In CUDA / Thrust, how can I access a vector element's neighbor during a for-each operation?

I am trying to do some scientific simulation using Thrust library in CUDA, but I got stuck in the following operation which is basically a for-each loop:

device_vector<float> In(N);

for-each In(x) in In
      Out(x) = some_calculation(In(x-1),In(x),In(x+1));
end

I have already looked up stackoverflow.com and find some similar questions: Similar questions 1

But it seems using a transform iterator is only possible when the some_calculation function is done between 2 parameters, for transform iterator passes two parameters at most.

Then, for question 2: Similar questions 2

The discussion just ended without a conclusion.

I believe this is a simple problem because it's a natural requirements for parallel calculation. Anyone could tell me what to do?

Solution

Fancy iterators are the key to this sort of operation, which isn't all that intuitive in thrust. You can use the zip_iterator to create tuples of values which can then be iterated over, so for a typical f(x[i-1], x[i], x[i+1]) type function, you get something like this:

#include <iostream>
#include <cmath>
#include <thrust/iterator/zip_iterator.h>
#include <thrust/tuple.h>
#include <thrust/transform.h>

struct divided_diff {
    float dx;
    divided_diff(float _dx) : dx(_dx) {};

    float operator()(const thrust::tuple<float, float, float> &in) const {
        float y0 = in.get<0>();
        float y1 = in.get<1>();
        float y2 = in.get<2>();

        return (y0 - 2.f * y1 + y2) / (dx * dx);
    }
};

int main() {
    const int N = 10;
    const float dx = 0.1f;
    float x[N], y[N], dydx[N];

    for (int i = 0; i < N; ++i) {
        x[i] = dx * float(i);
        y[i] = std::sin(x[i]);
        dydx[i] = 0.f;
    }

    auto begin = thrust::make_zip_iterator(thrust::make_tuple(&y[0], &y[1], &y[2]));
    auto end = thrust::make_zip_iterator(thrust::make_tuple(&y[N-2], &y[N-1], &y[N]));

    divided_diff f(dx);
    thrust::transform(begin, end, &dydx[1], f);

    for (int i = 0; i < N; ++i) {
        std::cout << i << " " << dydx[i] << std::endl;
    }

    return 0;
}

Here the functor processes one tuple at a time, where the tuple contains the three inputs from three different starting points in the same array or iterative sequence.

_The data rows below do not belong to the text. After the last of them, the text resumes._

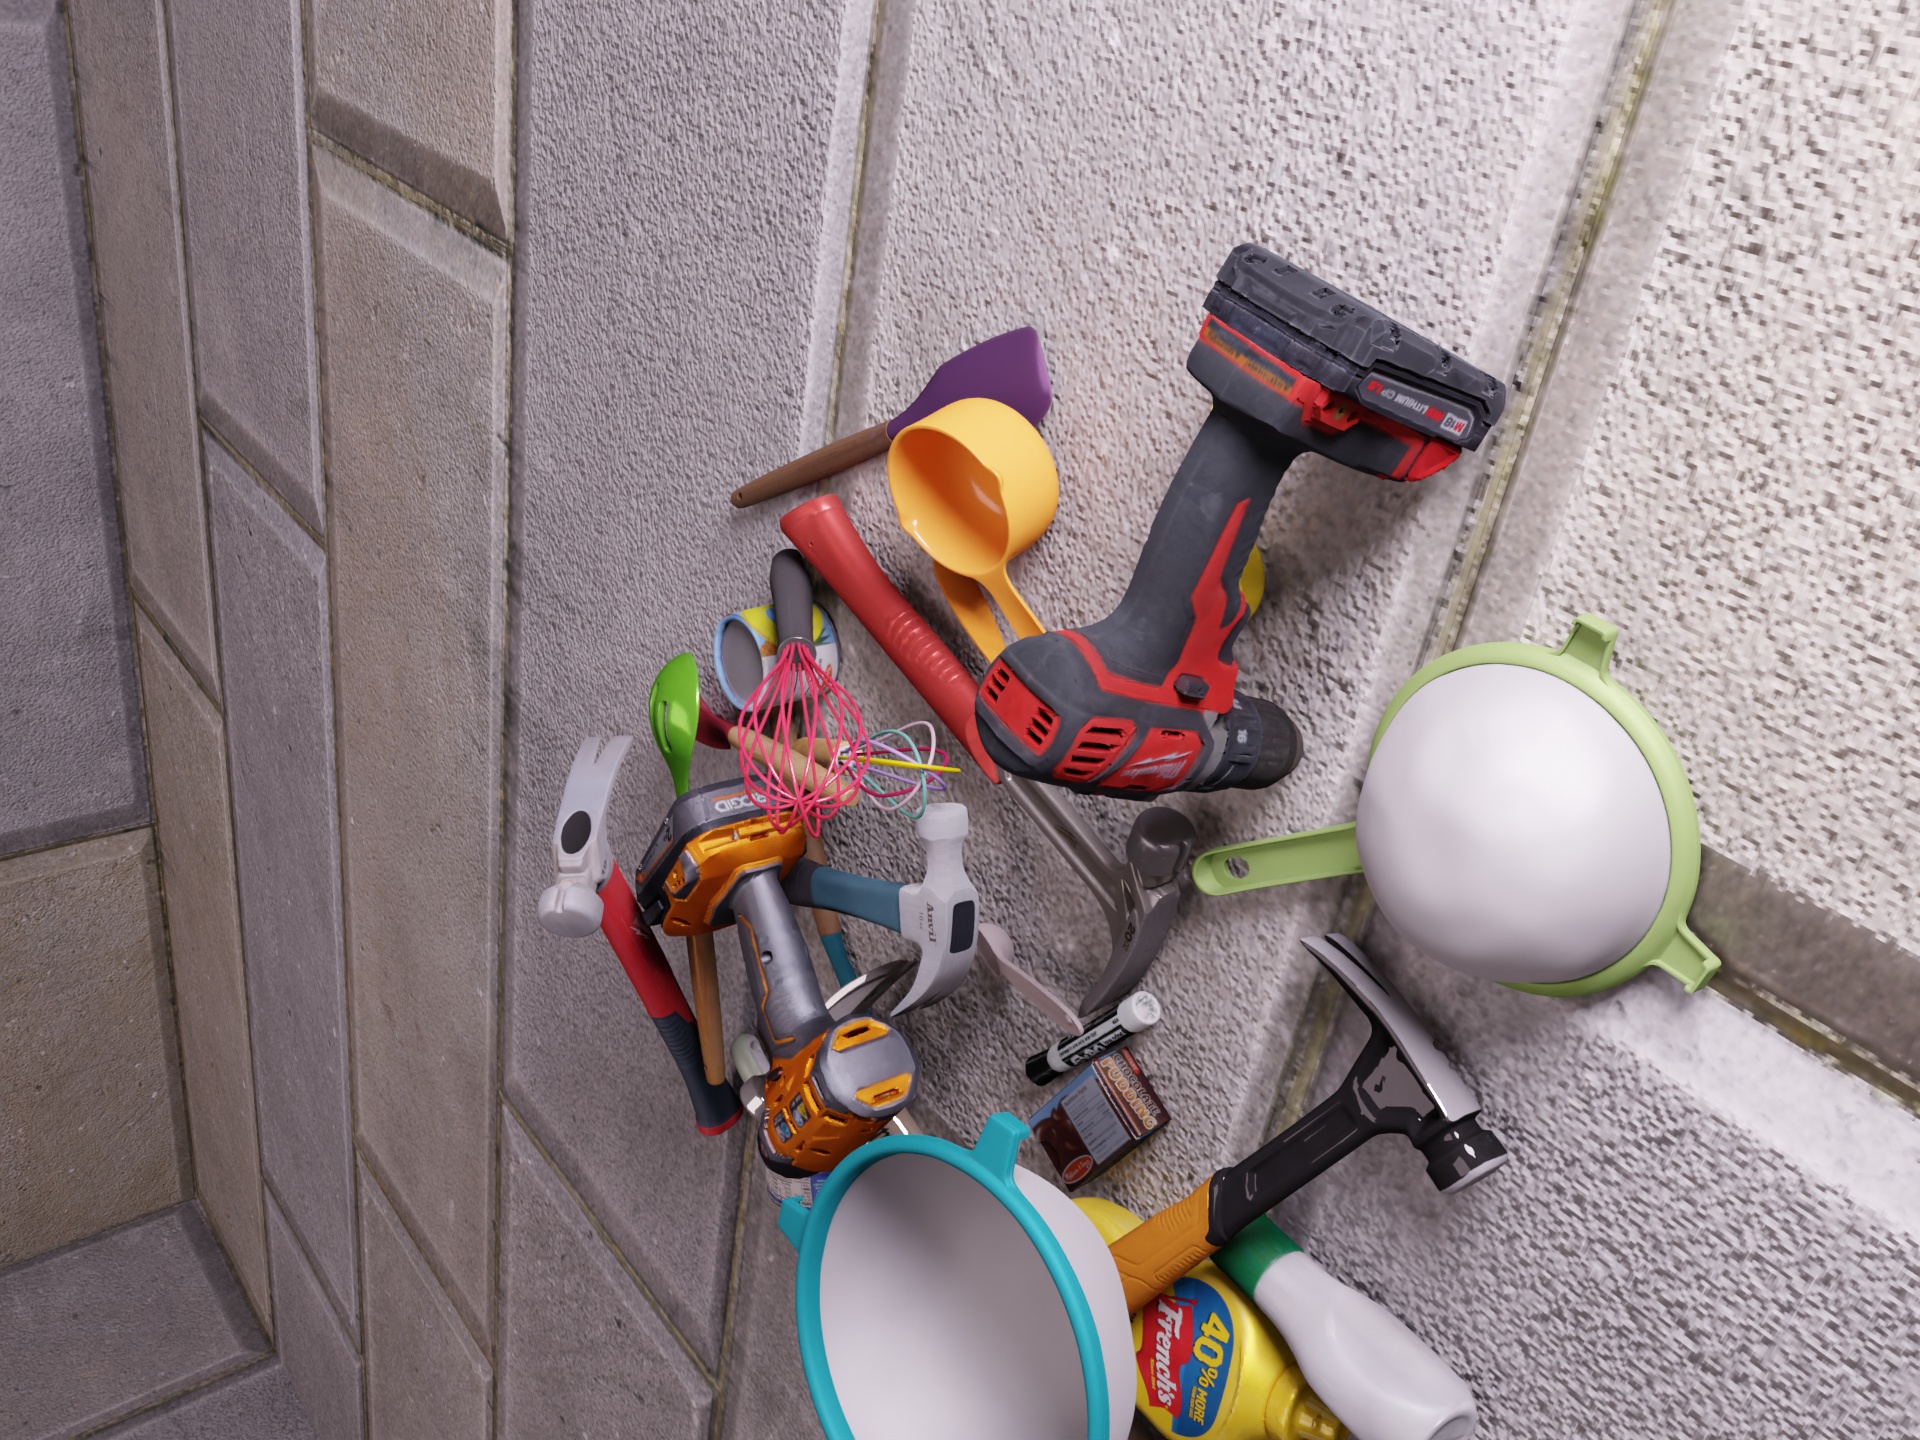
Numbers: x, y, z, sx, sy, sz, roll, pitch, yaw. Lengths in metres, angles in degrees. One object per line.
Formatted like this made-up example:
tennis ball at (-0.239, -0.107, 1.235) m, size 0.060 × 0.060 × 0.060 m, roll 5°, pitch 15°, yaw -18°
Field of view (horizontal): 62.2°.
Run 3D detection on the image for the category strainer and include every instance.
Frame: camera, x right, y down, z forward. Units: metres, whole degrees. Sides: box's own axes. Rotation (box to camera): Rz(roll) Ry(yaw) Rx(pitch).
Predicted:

EDIT: Apparently converting a host version of this code to use device constructs was proving challenging for the originally poster, so here is a version which executes everything on the device using thrust::device_vector as the base container:

#include <iostream>
#include <cmath>
#include <thrust/tuple.h>
#include <thrust/transform.h>
#include <thrust/iterator/zip_iterator.h>
#include <thrust/device_vector.h>
#include <thrust/sequence.h>

struct divided_diff {
    float dx;
    divided_diff(float _dx) : dx(_dx) {};

    __device__
    float operator()(const thrust::tuple<float, float, float> &in) {
        float y0 = in.get<0>();
        float y1 = in.get<1>();
        float y2 = in.get<2>();

        return (y0 - 2.f*y1 + y2) / (dx * dx);
    }
};

struct mysinf {
    __device__
    float operator()(const float &x) { 
        return __sinf(x); 
    }
};

int main()
{

    const int N = 10;
    const float dx = 0.1f;
    thrust::device_vector<float> x(N), y(N), dydx(N-2);

    thrust::sequence(x.begin(), x.end(), 0.f, dx); 
    thrust::transform(x.begin(), x.end(), y.begin(), mysinf());

    auto start  = thrust::make_zip_iterator(thrust::make_tuple(y.begin(), y.begin()+1, y.begin()+2));
    auto finish = thrust::make_zip_iterator(thrust::make_tuple(y.end()-2, y.end()-1, y.end()));

    divided_diff f(dx);
    thrust::transform( start, finish, dydx.begin(), f);

    thrust::device_vector<float>::iterator it = dydx.begin();
    for(; it != dydx.end(); ++it) {
        float val = *it;
        std::cout << val << std::endl;
    }

    return 0;
}